Python 3: The Next Generation
Python was created in 1991 -- it's 20 years old now! Lots of time for cruft.
Python 3 is backwards incompatible. Stuff will break. Hopefully the migration will not be grudging, the main thing for most programs will likely be unicode strings.
In 1997 Guido wrote "Python regrets" which later on and with other things became the basis for Python 3000.
A few of the changes (note from me: they were not all mentioned and I didn't take note of everything either!):
- The print statement becomes the print() function.
- Numbers, divisions: division will now be true division by default (1/2 == 0.5 as opposed to the current 1/2 == 0 -- better to teach, especially young ones)
- Dictionaries will use itertools by default to save memory
- Likewise for built-ins like map/filter, many changes to have better speed and/or memory efficiency
With regard to migrating:
- Wait for your dependencies to port
- Have a good test suite
- Move your code to at least 2.6, which is when Python 3 functionality started to be backported
- The -3 switch tells you about incompatibilities
- The 2to3 tool offers diffs on what should be ported
Be careful with Python 3 books, if they cover 3.0 they are already obsolete. Lots of changes!

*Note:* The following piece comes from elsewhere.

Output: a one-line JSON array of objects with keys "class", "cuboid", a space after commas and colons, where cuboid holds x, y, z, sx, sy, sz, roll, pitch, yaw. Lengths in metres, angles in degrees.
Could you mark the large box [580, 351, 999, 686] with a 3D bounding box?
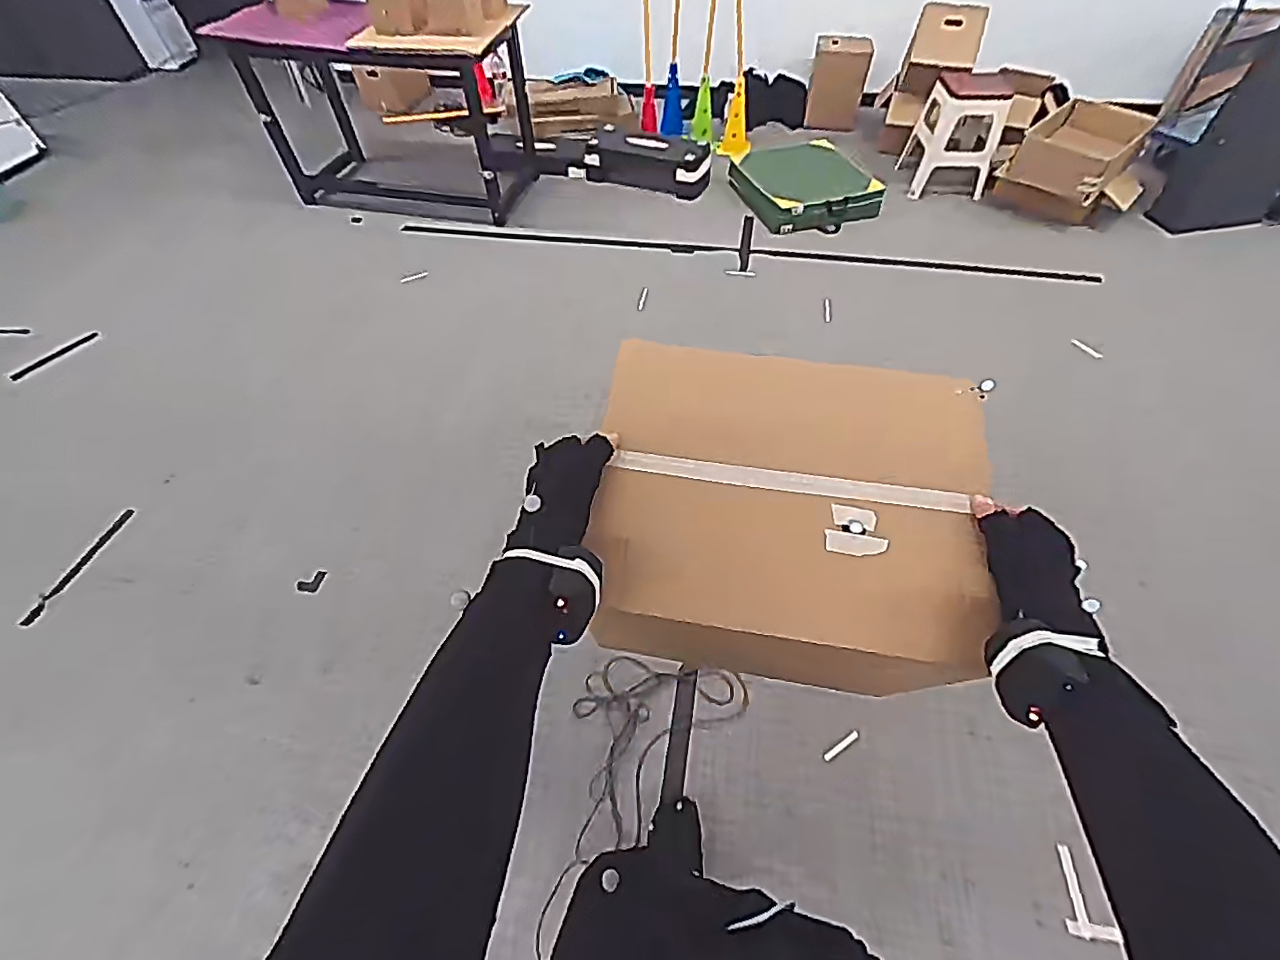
[{"class": "large box", "cuboid": [0.162, 0.066, 0.709, 0.408, 0.320, 0.320, 8, 66, 6]}]

This talks aims to fill in the gaps in the knowledge of not-quite-beginners-anymore. We'll have a look at: the memory model, mutability, and methods.
Mutable objects are passed by reference, immutable objects (like a string or number) are passed by value.
class Stuff: version = 1.0 john = Stuff()
As a shortcut you can call john.version rather than Stuff.version. However if you assign john.version = "blah", you're hiding access to the class 'version' attribute, and only changing this attribute for the john instance -- basically creating a new local variable.
To initialise, if there's one parent you should do Parent.__init__(self). If you're lower down, try to use super() for MRO and stuff. Extra reading: Python's super() considered super! and Python's Super Considered Harmful.
You can make your own classes act like Python types, by overloading existing operators and existing built-in functions. There are loads of them! __init__, __new__ (for immutable objects), __len__, __eq__, __getslice__, __getitem__, __contains__ (for the 'in' keyword), ...
How to (not) use the stack - performance
The **timeit** module will run a problem a million times and help find which implementation is faster.
The second one is faster, that's the penalty of a stackframe: the len() value is not cached because it could change! (With overloading, etc.) With the 2nd version we removed a function call.
Objects and references
All Python objects have:
- An identity (similar to the memory address)
- A type
- A value (only that one can change, sort of)
References are also called aliases. There is a reference count to track the total number. Variables do not hold data, they point to objects. For instance if 2 variables are assigned 1, they would both be pointing to the same (immutable) Integer object representing 1.
3 types of standard types
His classification, nothing official.
- Storage: Linear/Scalar vs. Container
- Update: Mutable vs. Immutable
- Access: Direct (number) vs. Sequence (string, list) vs. Mapping (dictionary)
"Interned" numbers are a list of integers in range(-5, 257): these are special numbers that are never deallocated.
"is" is a keyword to assess if 2 variables point to the same object.
Beware shallow copy vs. deep copy when you have a list of lists.
Growing memory: When you call .append() and the list is full, 4 free units are malloc'ed, then double that, then a bit less: usually about 12.5% additional free slots are created at once in advance. What this means is that you should try not to have a lot of short lists.
Shrinking memory is a fairly inexpensive operation.
Inserting in the middle of a list creates a lot of shifting. Deque is better for push() and pop(), though less good for access.